Hi everyone, first post here!
I'm currently working on a ChIPseq data set enriching for H3K27me3 between four Arabidopsis genotypes.
My current problem is at the annotation step using annotatepeak from ChIPseeker. Because the peaks I have called (using MACS2) are broad, they cover multiple loci in the genome, but only become annotated with the closest TSS instead of say, three different loci. As a result, identifying differentially methylated regions between my WT and mutants is quite error prone when I look at the bed files in IGV. I've tried to show an example in the image attached.
This is the line of code I use in R:
WT_consensus_anno <- annotatePeak(WT_covered_granges, tssRegion=c(-3000, 3000),
TxDb=txdb, annoDb="org.At.tair.db")
Where txdb is extracted from the TxDb.Athaliana.BioMart.plantsmart28 package, and WT_covered_granges is a GRanges object containing the called peaks from MACS2.
Any help would be much appreciated, I've been puzzling over this for a few days and searched everywhere for answers.
If I've left out any information please let me know
Thanks a lot!
One thing that ChIPseeker has is the flank option. See here.
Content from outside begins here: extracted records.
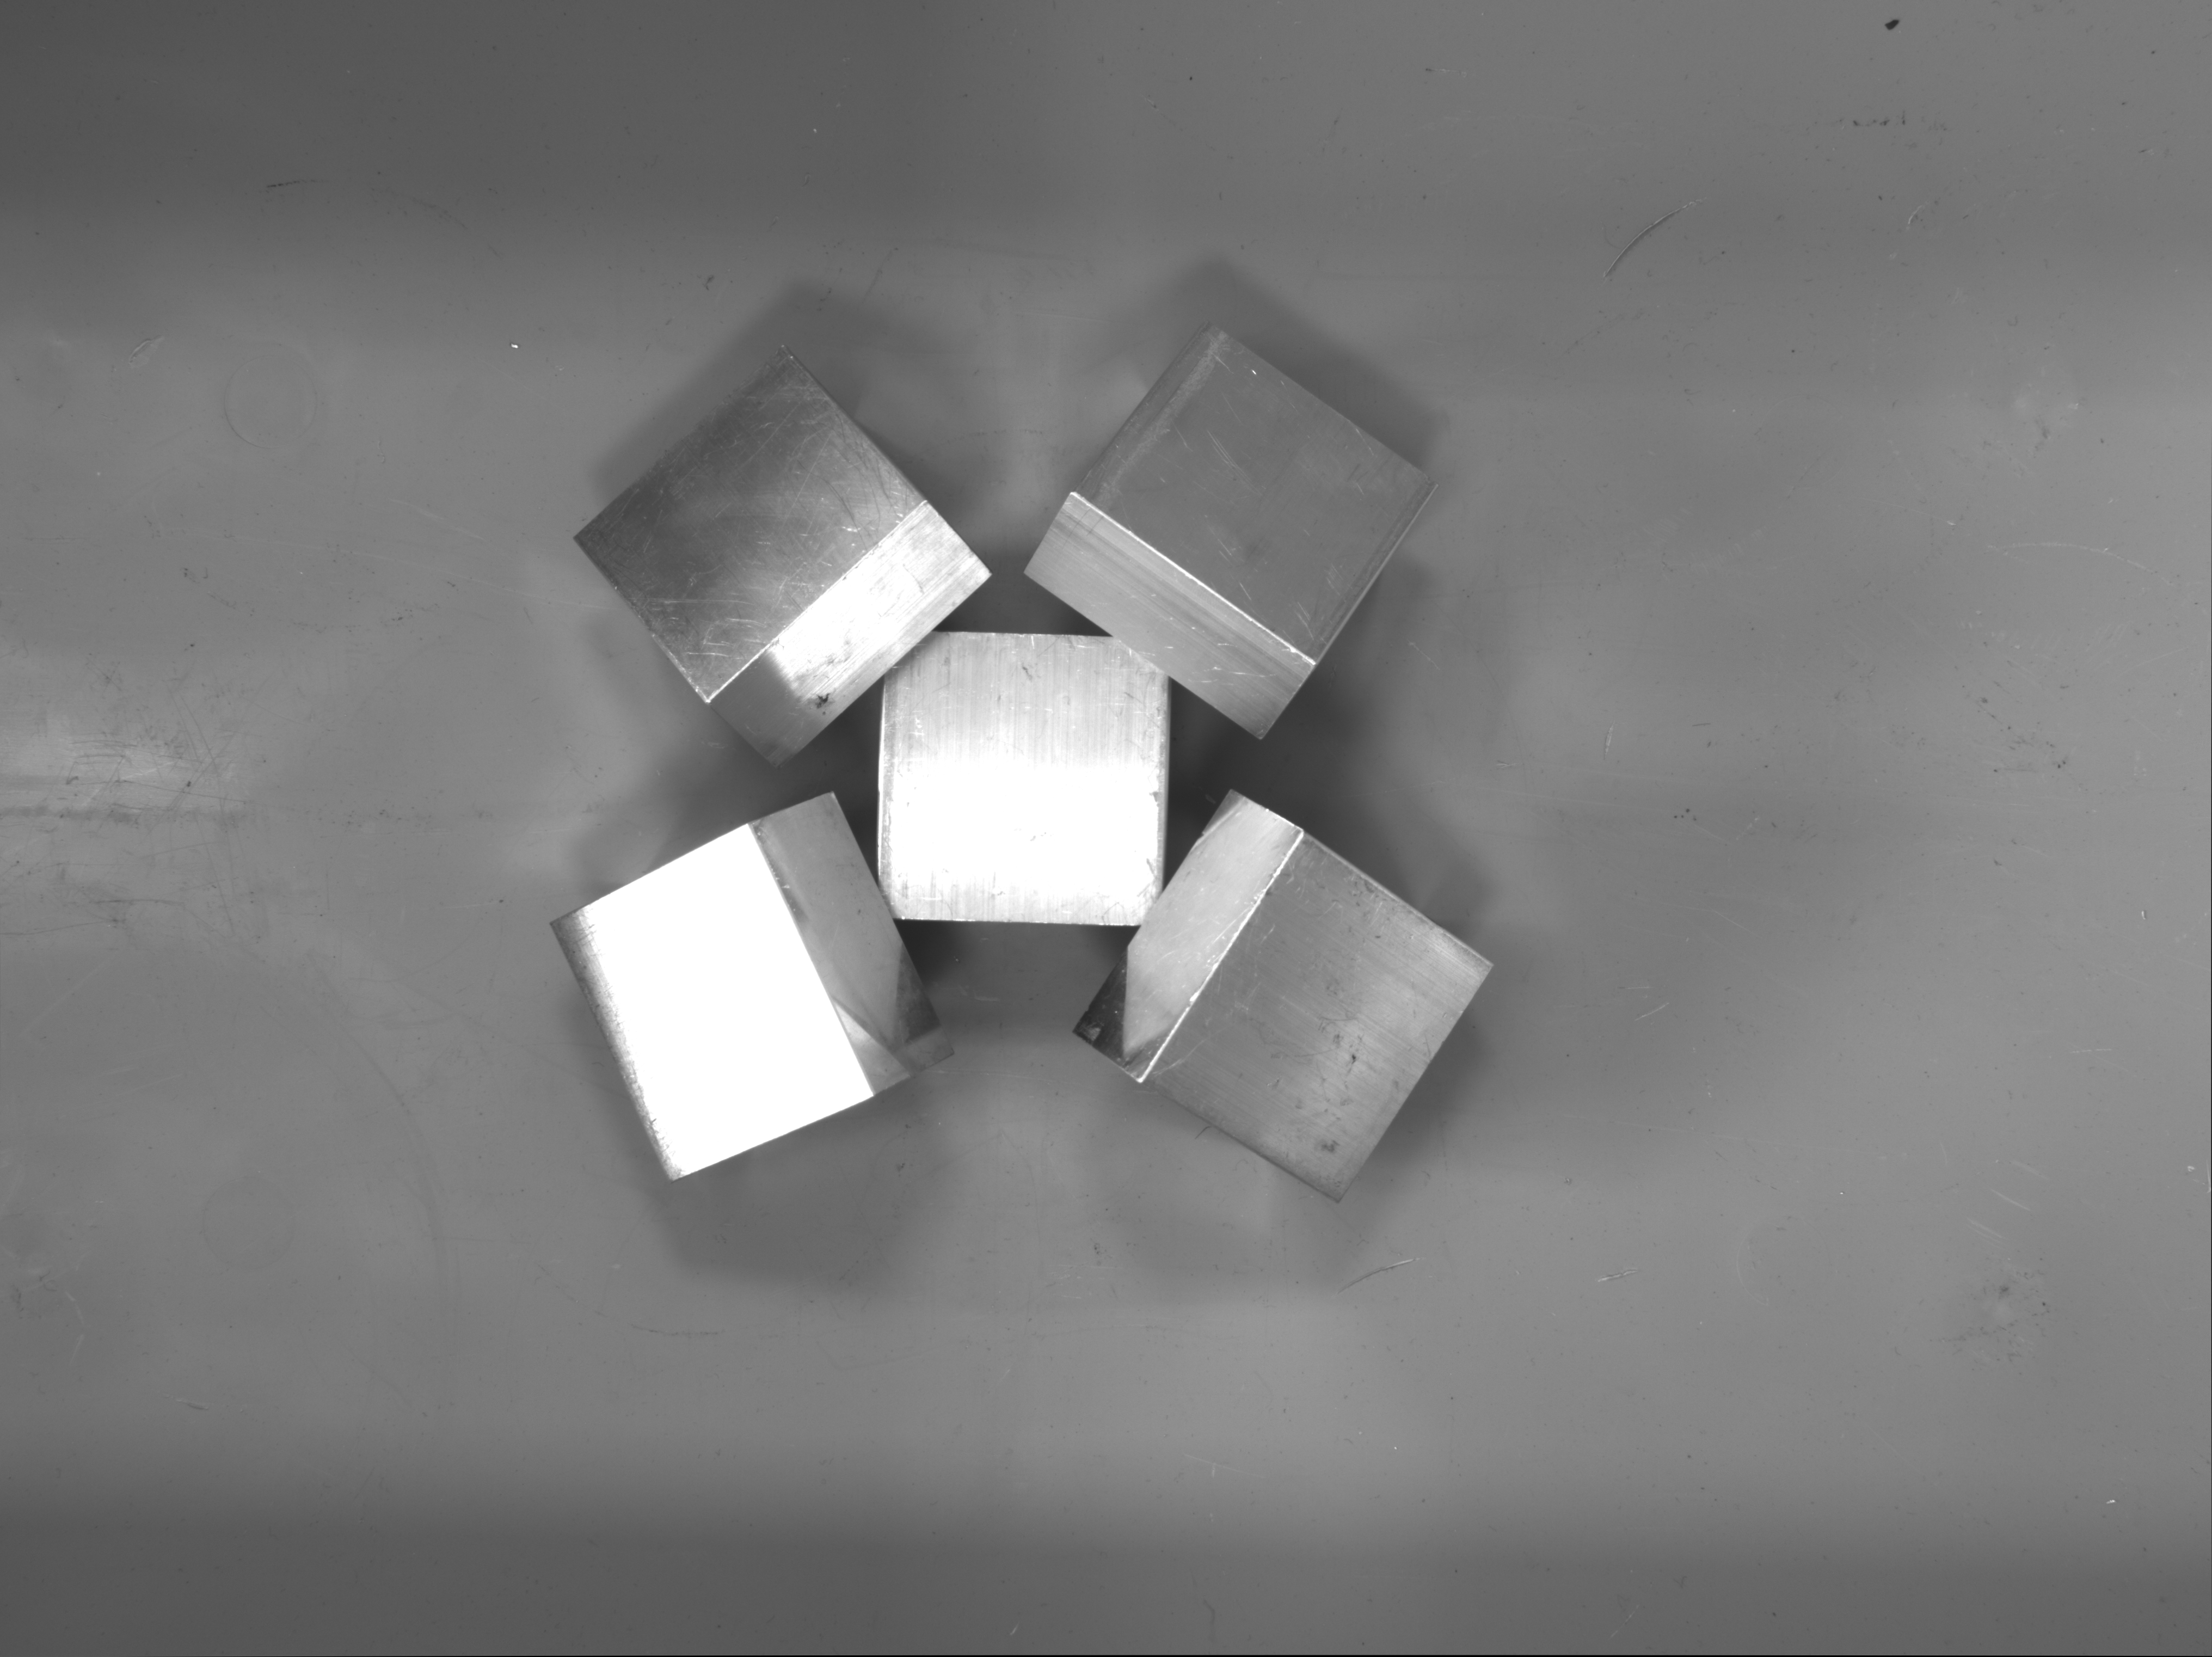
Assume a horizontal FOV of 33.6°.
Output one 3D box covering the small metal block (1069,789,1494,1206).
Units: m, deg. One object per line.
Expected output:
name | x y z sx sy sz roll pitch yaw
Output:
small metal block | 0.031 0.029 0.632 0.050 0.025 0.050 34 89 -34

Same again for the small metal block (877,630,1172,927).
small metal block | -0.014 -0.009 0.643 0.050 0.025 0.050 2 90 0

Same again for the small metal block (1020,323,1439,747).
small metal block | 0.022 -0.051 0.632 0.050 0.025 0.050 35 53 0

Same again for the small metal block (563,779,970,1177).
small metal block | -0.059 0.026 0.632 0.050 0.025 0.050 -26 90 38

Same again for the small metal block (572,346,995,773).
small metal block | -0.056 -0.047 0.631 0.050 0.025 0.050 -43 53 1

It defines a flanking region around the peaks, and reports the genes that overlap the flanking region.
I am not 100% sure how is the output defined. What I did was bypassing the ChIPseeker. I needed to find the distances from the TSS only and not annotate other elements. So I extracted the TSS from the GTF file. Then with bedtools window, I have reported the TSS which overlapped my peaks file and calculated the distance from it using awk.